Memang benar, negara tak salah dalam menegakkan aturan terhadap kawasan hutan lindung yang terletak di Riau itu. Penegakan hukum adalah kewajiban dalam menjaga keberlanjutan lingkungan. Tapi memilih di antara dua nafas kehidupan bukanlah perkara mudah. Keberlanjutan hayati memastikan nafas kehidupan berikutnya bagi anak cucu kita, negara menjaga itu semua.
Namun, nafas jasmani yang hari ini merintih karena sumber hidupnya kembali diambil, juga bagian dari perjuangan keberlanjutan itu sendiri.
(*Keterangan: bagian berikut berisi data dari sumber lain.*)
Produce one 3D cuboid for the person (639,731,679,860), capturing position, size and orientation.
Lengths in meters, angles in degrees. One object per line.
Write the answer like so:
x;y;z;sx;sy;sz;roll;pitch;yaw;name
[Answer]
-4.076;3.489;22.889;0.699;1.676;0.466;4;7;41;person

Teso Nilo adalah kawasan konservasi yang hampir habis. Kawasan yang menjadi rumah bagi gajah Sumatera, harimau, tapir, dan puluhan spesies burung endemik yang hari ini terus kehilangan ruang hidup.
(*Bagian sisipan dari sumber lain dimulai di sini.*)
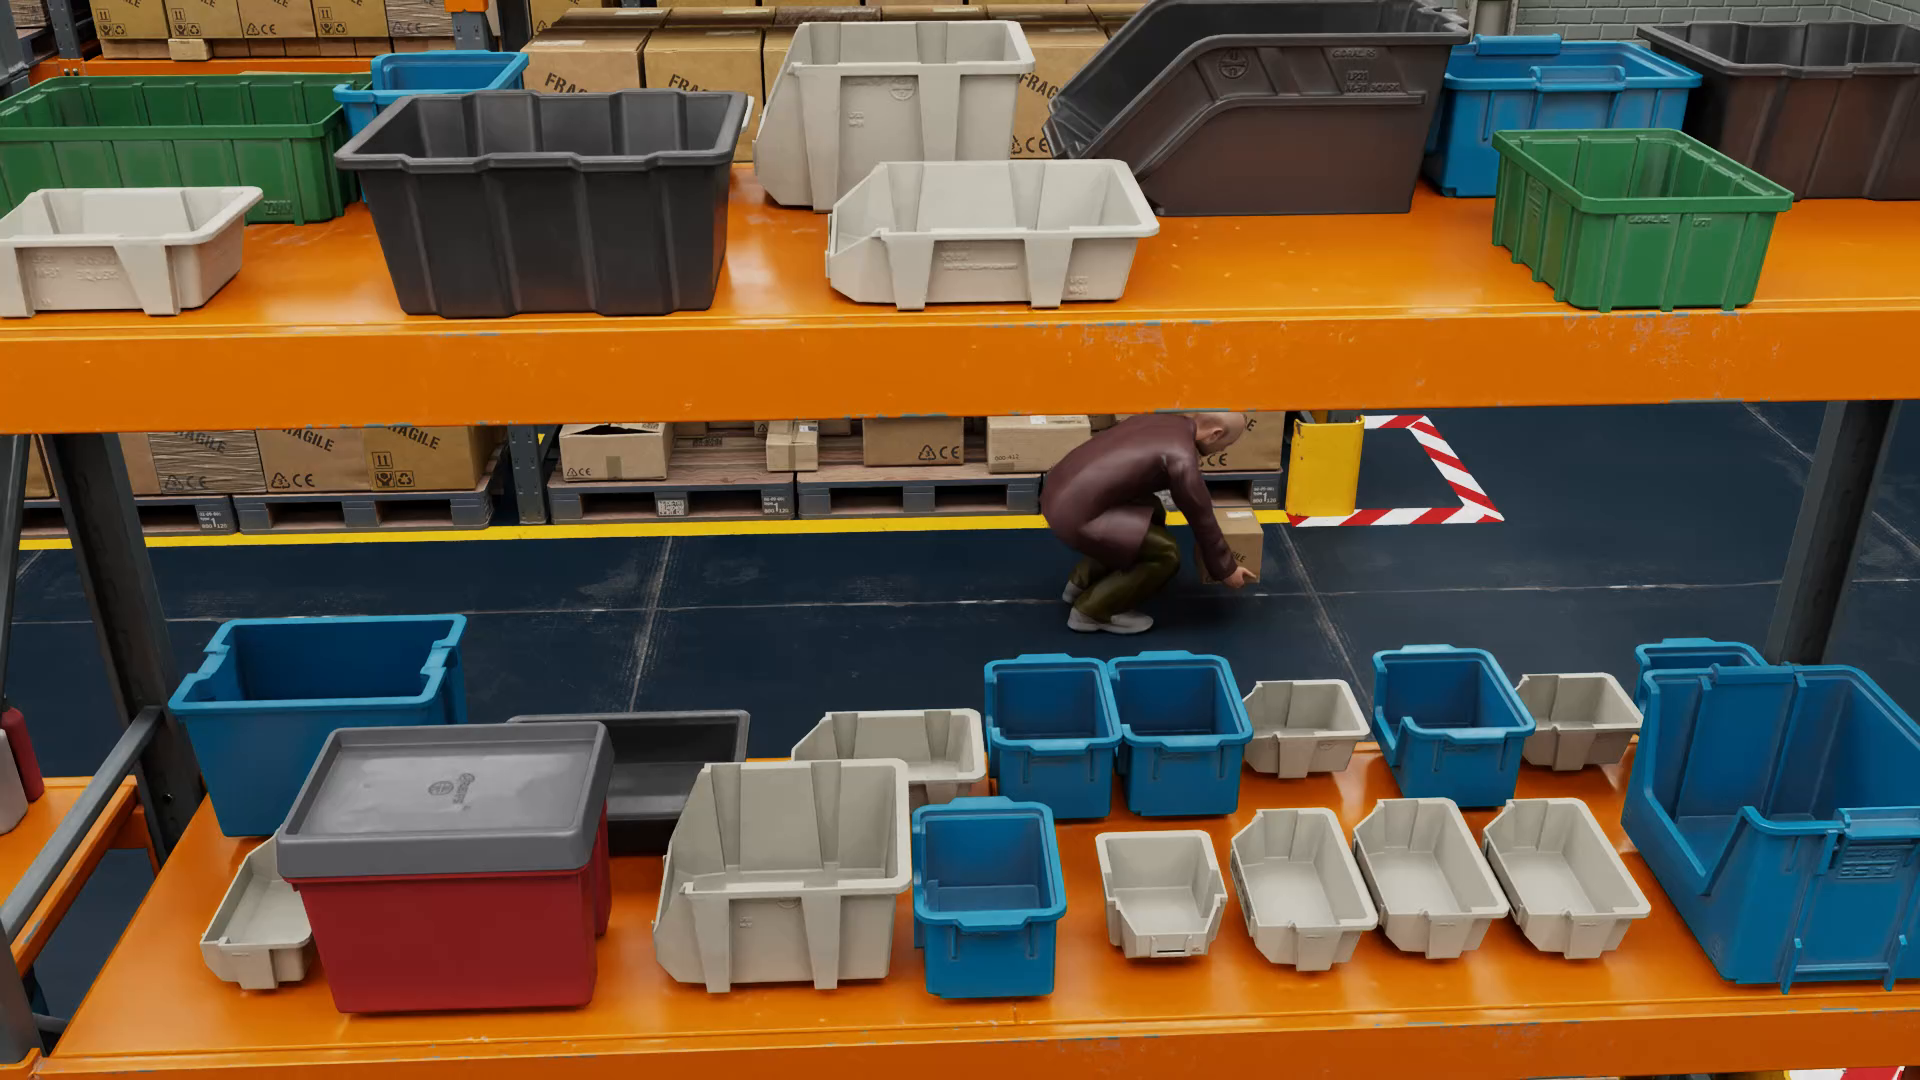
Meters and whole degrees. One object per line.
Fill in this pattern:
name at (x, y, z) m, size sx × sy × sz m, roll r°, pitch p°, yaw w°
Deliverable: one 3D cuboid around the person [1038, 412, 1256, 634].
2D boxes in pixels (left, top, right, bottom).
person at (0.814, -0.117, 7.217) m, size 0.948 × 1.000 × 0.569 m, roll -2°, pitch 27°, yaw -4°
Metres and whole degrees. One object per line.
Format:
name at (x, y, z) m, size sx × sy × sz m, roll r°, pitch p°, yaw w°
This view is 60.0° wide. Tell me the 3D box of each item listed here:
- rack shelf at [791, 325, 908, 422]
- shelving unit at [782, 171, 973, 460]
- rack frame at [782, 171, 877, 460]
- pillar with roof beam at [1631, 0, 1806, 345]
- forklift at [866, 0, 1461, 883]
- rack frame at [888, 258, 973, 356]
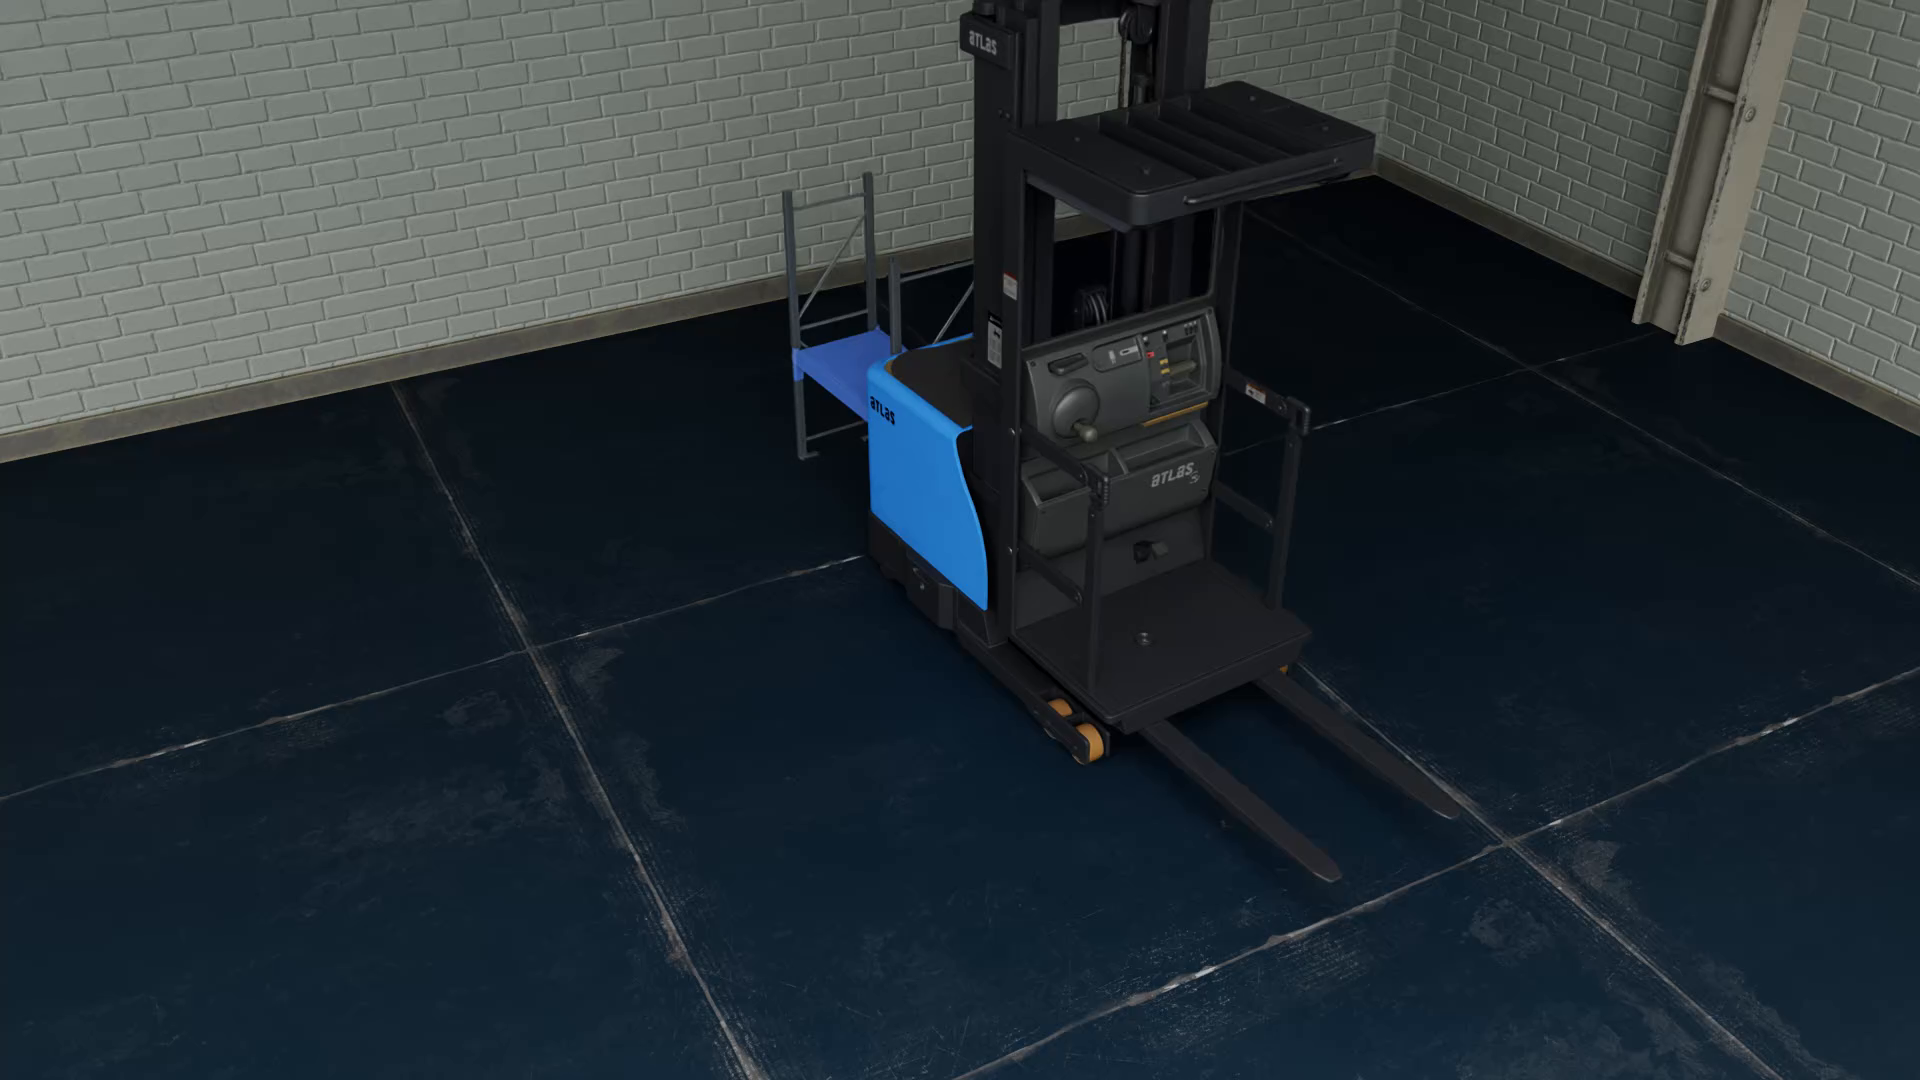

Dari luas 83.000 hektare hari ini, hampir separuhnya telah dikonversi menjadi kebun, permukiman, dan area terbuka. Sisa-sisa ini, yang kita sebut sebagai paru-paru untuk Riau, harus diselamatkan.
Negara harus menegakkan hukum tanpa pandang bulu, dan yang melanggar harus dihukum dan tegak kan aturan. Tapi hukum yang ditegakkan bukan sekadar dalam hitam-putih aturan, melainkan dalam semangat keadilan. Hukum harus berpihak pada perlindungan hutan, sekaligus berpihak pada keberlangsungan hidup manusia.
Sebagai kawasan konservasi dan hutan lindung, Teso Nilo memiliki fungsi ekologis yang tak tergantikan. Kawasan ini menyerap karbon dalam jumlah besar, menjaga keseimbangan iklim, dan menjadi sumber daya genetik yang sangat bernilai. Ia bukan hanya penting untuk Riau, tetapi untuk Indonesia dan bahkan dunia.
Hutan-hutan tropis seperti Teso Nilo menjadi elemen penting dalam agenda global untuk menahan laju krisis iklim. Namun, tekanan terhadap kawasan ini tidak datang begitu saja. Ketidakpastian ekonomi, akses atas lahan yang terbatas, dan lapangan kerja yang tak memenuhi tersedia, membuat masyarakat memilih membuka kebun sawit di wilayah hutan. Dalam proses ini, lahirlah dinamika yang rumit, ada petani kecil yang mengolah lahan karena terdesak, ada pula pemodal besar yang menyusup, memanfaatkan kondisi sosial dan lemahnya pengawasan.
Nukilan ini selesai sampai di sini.